But people understand that to effect the change we need, we need to win much more than the Presidency. The big lesson is that if the left unites and seeks to mobilise people, it can win. The dynamic of unity can create confidence and enthuse others to get involved. The question of a Left government once again comes increasingly centre stage.

However, any attempt to develop an initiative which focuses only on the next general election is doomed to failure by allowing the energy and activism to dissipate. Playing the role of responsible government in waiting between 2020 and 2024 proved calamitous for Sinn Féin,

People who are suffering under the impact of repeated hikes in energy and grocery prices cannot wait. Those who are facing eviction or massive rent hikes under the government’s new plans cannot wait. Those who want meaningful action for Palestine and defence of our neutrality cannot wait. Joint initiatives must be organised, together with unions and social movements - to defend the Triple Lock; to demand the full implementation of the Occupied Territories Bill before Christmas; to end the cost of living crisis through price controls and an end to profiteering; and to implement an eviction ban alongside meaningful rent controls and public house building.

However, defensive struggles alone are insufficient. We need to raise people’s sights for the possibility of a Left government for the first time in the history of the state. People Before Profit is proposing to other parties and individuals the organisation of a major conference of the Left in the New Year to discuss how left co-operation can be deepened with a view to presenting a clear choice in the next general election: Fianna Fáil and Fine Gael, and those who would prop them up, versus a Left government.

All of this poses complicated questions to the socialist left. We understand that the capitalist system, where profit dominates, simply cannot deliver what people demand and need - the right to a home and a good life, a world without war and oppression, the right to a sustainable and liveable future for our children. We therefore will only enter a government that commits to a people-power strategy of mobilising from below to overcome the opposition of the powerful capitalist class and deliver ecosocialist change. That is far from the programme of the other major parties supporting Connolly.

Nonetheless, we actively want the rule of Fianna Fáil and Fine Gael to end. We want a left government, even on a programme far weaker than the ecosocialist one we would advocate. We want this government and the approach of reforming capitalism to be tested before the masses. We are therefore open to participating in this dynamic towards a left government, including committing to vote to allow this government to be formed, despite the very significant limitations of the likely programme. The key condition for us is that we retain our right to independence, to put forward our own ecosocialist position, and continue strengthening our connections with communities to mobilise the power of people from below.

In 1843, Karl Marx provided useful guidance for socialists approaching complicated situations:

”we do not confront the world in a doctrinaire way with a new principle: Here is the truth, kneel down before it! We develop new principles for the world out of the world’s own principles. We do not say to the world: Cease your struggles, they are foolish; we will give you the true slogan of struggle. We merely show the world what it is really fighting for, and consciousness is something that it has to acquire, even if it does not want to.”
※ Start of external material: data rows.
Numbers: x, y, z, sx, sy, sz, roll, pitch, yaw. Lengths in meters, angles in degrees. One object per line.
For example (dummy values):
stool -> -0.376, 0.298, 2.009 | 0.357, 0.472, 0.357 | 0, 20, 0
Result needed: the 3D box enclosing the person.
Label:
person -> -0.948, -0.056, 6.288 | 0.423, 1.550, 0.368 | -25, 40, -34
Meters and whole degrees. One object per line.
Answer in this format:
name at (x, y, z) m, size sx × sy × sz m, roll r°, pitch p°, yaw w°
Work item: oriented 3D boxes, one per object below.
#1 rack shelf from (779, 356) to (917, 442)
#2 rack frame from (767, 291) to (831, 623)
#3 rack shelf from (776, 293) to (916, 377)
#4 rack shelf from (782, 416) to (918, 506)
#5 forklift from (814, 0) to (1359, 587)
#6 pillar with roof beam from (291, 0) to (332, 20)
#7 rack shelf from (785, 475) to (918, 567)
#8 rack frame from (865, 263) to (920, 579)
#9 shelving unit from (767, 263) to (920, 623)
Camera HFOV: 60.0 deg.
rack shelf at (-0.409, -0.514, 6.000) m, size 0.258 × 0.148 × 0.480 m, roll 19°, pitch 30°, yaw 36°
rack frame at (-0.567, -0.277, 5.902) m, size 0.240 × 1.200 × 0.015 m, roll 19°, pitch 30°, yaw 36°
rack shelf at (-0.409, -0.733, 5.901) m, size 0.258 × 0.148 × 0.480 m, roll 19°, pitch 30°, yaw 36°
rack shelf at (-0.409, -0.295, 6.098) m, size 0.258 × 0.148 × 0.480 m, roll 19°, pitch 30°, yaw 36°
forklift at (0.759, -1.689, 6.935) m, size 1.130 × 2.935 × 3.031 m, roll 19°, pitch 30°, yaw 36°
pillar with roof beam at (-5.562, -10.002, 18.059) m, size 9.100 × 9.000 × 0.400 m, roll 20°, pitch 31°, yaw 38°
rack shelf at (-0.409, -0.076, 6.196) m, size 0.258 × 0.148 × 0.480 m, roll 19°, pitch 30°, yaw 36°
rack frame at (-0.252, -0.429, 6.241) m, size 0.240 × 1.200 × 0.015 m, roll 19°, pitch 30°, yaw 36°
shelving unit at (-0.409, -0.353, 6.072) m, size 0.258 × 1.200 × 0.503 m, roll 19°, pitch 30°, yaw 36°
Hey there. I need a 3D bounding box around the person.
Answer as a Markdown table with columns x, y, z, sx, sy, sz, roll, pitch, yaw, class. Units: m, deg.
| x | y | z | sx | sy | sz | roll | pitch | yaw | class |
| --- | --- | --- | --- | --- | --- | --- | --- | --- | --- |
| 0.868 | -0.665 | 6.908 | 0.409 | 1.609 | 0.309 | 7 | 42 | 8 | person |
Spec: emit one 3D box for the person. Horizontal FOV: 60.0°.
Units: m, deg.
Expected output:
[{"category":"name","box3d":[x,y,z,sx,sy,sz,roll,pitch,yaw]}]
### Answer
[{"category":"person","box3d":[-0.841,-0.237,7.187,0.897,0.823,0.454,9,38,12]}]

Significant numbers of people are now anxious to take the next steps after the Connolly campaign to work towards getting rid of Fianna Fáil and Fine Gael and electing a left government. We should be right there, alongside them, organising and taking steps together, while using it as an opportunity to win people to the argument put forward by James Connolly in 1897:

“If you remove the English Army tomorrow and hoist the green flag over Dublin Castle, unless you set about the organization of the Socialist Republic your efforts will be in vain.”

To win a truly new Republic, it will not be enough to replace the government or even to write a new Constitution. A socialist Republic with working people and the oppressed in power is needed.

25 October 2025

Source: Rupture.


Attached documentscatherine-connolly-wins-an-historic-victory-for-the-left-in_a9234.pdf (PDF - 929.5 KiB)
Extraction PDF [->article9234]

Footnotes


[1] Former Fine Gael MP, now a political commentator.



Paul Murphy is a member of RISE in Ireland. He was re-elected to the Irish parliament in 2019, having been first elected in 2014. He was previously an MEP for the Socialist Party (2011-14).



International Viewpoint is published under the responsibility of the Bureau of the Fourth International. Signed articles do not necessarily reflect editorial policy. Articles can be reprinted with acknowledgement, and a live link if possible.


A President for all of Ireland – the Irish left finally unites

As the left in Ireland unites to support Catherine Connolly’s campaign for the Irish presidency, we reproduce Joseph Healy’s report at Anti-capitalist Resistance.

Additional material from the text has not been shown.